TASK STATEMENT: Below are some records. Say in a single number how many of their lines include the word "oriented".
DATA SECTION Block Start
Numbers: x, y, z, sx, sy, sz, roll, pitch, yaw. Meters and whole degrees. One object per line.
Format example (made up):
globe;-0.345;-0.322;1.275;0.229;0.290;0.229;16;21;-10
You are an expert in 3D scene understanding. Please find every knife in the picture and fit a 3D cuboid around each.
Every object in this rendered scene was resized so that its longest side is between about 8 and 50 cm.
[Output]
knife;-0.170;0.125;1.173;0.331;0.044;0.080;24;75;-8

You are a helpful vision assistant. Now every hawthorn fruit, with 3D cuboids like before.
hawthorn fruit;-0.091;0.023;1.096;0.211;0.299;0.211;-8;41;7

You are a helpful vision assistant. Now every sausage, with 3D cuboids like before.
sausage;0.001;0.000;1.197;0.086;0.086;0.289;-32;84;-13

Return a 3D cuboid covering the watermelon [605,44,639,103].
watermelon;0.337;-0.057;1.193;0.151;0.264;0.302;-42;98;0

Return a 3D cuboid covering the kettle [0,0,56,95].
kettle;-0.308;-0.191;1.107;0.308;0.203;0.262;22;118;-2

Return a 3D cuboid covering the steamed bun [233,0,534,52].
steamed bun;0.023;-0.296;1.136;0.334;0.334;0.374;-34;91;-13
DATA SECTION Block End
DATA SECTION Block Start
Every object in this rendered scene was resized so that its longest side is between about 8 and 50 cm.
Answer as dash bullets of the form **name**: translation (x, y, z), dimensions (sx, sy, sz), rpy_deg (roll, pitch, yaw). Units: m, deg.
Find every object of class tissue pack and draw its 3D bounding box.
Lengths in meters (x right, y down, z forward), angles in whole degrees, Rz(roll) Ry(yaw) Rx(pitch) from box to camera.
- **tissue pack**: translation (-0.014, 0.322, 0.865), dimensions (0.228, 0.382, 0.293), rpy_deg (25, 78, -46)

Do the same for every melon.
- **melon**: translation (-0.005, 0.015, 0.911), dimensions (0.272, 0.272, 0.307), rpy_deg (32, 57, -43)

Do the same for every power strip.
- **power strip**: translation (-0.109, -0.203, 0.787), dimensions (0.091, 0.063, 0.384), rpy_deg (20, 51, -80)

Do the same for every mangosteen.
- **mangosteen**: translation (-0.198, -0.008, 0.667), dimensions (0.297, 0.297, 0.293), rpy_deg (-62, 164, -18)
DATA SECTION Block End
DATA SECTION Block Start
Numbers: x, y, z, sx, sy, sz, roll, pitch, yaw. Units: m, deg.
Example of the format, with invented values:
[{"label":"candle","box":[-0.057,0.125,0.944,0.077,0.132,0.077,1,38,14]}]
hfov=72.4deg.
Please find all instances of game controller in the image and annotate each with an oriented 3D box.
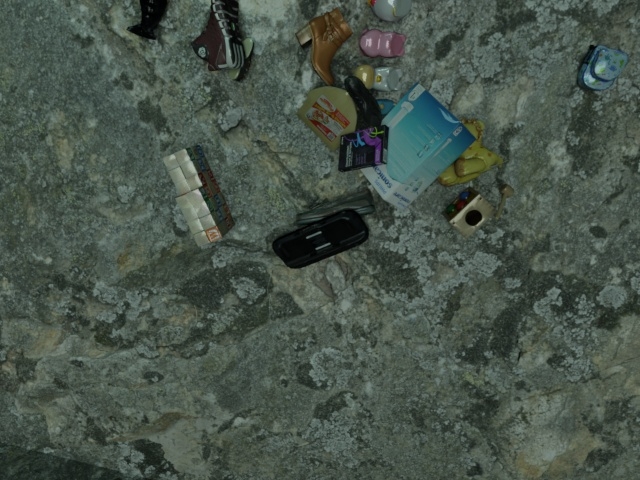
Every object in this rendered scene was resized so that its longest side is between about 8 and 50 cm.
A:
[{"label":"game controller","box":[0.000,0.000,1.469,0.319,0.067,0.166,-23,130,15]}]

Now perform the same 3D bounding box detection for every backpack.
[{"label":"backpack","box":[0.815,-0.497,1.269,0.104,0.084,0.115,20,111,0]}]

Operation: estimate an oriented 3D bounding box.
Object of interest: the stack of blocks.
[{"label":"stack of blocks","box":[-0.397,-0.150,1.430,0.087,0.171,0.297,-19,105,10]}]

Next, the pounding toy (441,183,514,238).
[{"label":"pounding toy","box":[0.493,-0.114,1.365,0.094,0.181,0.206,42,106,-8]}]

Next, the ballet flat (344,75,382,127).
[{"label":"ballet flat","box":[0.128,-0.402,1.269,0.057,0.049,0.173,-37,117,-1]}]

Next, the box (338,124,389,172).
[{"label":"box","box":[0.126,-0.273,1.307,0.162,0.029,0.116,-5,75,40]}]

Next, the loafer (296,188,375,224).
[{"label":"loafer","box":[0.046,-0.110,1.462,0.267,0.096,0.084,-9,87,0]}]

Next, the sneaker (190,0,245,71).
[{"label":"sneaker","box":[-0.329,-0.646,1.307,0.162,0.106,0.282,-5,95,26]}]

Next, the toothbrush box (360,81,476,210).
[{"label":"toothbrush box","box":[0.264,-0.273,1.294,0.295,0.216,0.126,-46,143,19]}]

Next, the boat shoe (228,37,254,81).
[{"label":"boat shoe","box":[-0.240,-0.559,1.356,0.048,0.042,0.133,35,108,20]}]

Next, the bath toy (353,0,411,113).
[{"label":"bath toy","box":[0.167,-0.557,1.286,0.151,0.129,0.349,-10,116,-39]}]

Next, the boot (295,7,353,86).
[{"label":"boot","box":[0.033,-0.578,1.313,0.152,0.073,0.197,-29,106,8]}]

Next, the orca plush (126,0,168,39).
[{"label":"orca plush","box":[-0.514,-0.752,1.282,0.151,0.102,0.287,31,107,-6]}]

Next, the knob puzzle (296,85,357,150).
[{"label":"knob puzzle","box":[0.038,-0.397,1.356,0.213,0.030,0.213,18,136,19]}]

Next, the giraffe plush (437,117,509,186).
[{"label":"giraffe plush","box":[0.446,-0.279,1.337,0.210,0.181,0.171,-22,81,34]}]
DATA SECTION Block End
EXPECTED OUTPUT: 2